Creating the ultimate cover for COVID-19 losses — and beyond
“We have on the sidelines highly experienced and skilled catastrophe response professionals, systems and methodologies which are used for earthquakes, hurricanes, wildfires and those kinds of responses. They are not being deployed today for COVID-19.” Jason Schupp, founder of thinktank Centers for Better Insurance (CBI).
· Large stimulus payouts backed by governments 'inefficient'
· Insurers could help unblock payment bottlenecks in government programmes
· Tailored insurer-led scheme risks 'haves and have-nots'
· Future-proofed cover looks beyond pandemic shutdown
As warnings about the threat of enforced retroactive business interruption cover continue to ring out, one thinktank chief suggests that insurers should actually be much more involved in the process, not less.

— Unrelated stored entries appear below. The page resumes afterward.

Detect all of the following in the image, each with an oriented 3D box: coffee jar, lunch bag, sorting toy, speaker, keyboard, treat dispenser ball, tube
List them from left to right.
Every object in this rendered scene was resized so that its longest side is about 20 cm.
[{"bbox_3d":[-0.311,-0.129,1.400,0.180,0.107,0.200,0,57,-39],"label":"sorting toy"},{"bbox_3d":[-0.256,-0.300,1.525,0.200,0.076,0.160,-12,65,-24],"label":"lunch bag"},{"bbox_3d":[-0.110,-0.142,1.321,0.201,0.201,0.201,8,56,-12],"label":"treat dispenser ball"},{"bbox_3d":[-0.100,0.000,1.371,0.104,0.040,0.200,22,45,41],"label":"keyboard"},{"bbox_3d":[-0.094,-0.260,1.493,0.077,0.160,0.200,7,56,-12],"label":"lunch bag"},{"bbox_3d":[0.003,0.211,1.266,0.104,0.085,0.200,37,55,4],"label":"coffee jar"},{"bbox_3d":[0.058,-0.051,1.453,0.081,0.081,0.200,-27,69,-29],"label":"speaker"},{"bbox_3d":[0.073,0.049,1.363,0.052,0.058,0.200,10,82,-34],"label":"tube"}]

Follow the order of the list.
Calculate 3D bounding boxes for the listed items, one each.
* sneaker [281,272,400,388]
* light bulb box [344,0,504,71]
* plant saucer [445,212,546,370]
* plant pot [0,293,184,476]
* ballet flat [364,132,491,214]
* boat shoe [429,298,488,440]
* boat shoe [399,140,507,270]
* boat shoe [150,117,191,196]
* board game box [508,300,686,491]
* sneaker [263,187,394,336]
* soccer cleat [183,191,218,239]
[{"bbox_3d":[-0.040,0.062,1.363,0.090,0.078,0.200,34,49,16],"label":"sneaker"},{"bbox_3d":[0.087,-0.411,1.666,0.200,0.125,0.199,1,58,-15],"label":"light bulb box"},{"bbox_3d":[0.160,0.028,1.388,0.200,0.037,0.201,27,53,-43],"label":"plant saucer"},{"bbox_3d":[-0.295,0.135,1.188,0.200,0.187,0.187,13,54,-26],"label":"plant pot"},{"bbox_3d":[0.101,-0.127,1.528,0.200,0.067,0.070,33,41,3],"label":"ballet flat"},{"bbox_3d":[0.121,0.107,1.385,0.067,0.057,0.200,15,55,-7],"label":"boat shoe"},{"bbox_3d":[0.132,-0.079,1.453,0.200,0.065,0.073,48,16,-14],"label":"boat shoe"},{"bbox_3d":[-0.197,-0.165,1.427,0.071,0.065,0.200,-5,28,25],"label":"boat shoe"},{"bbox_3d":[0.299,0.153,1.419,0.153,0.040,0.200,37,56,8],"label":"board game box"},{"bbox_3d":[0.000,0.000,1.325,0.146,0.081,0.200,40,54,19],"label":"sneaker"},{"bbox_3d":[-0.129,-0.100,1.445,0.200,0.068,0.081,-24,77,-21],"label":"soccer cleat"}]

Part of the problem, he argues, is that the industry doesn’t have a clear role in the pandemic response.
Jason Schupp, the founder of thinktank Centers for Better Insurance (CBI), says that the September 11, 2001 terrorist attacks presented a similar situation for insurers.
“The insurance industry struggled to deal with a newly recognised exposure, and out of that came the Terrorism Risk Insurance Act (TRIA).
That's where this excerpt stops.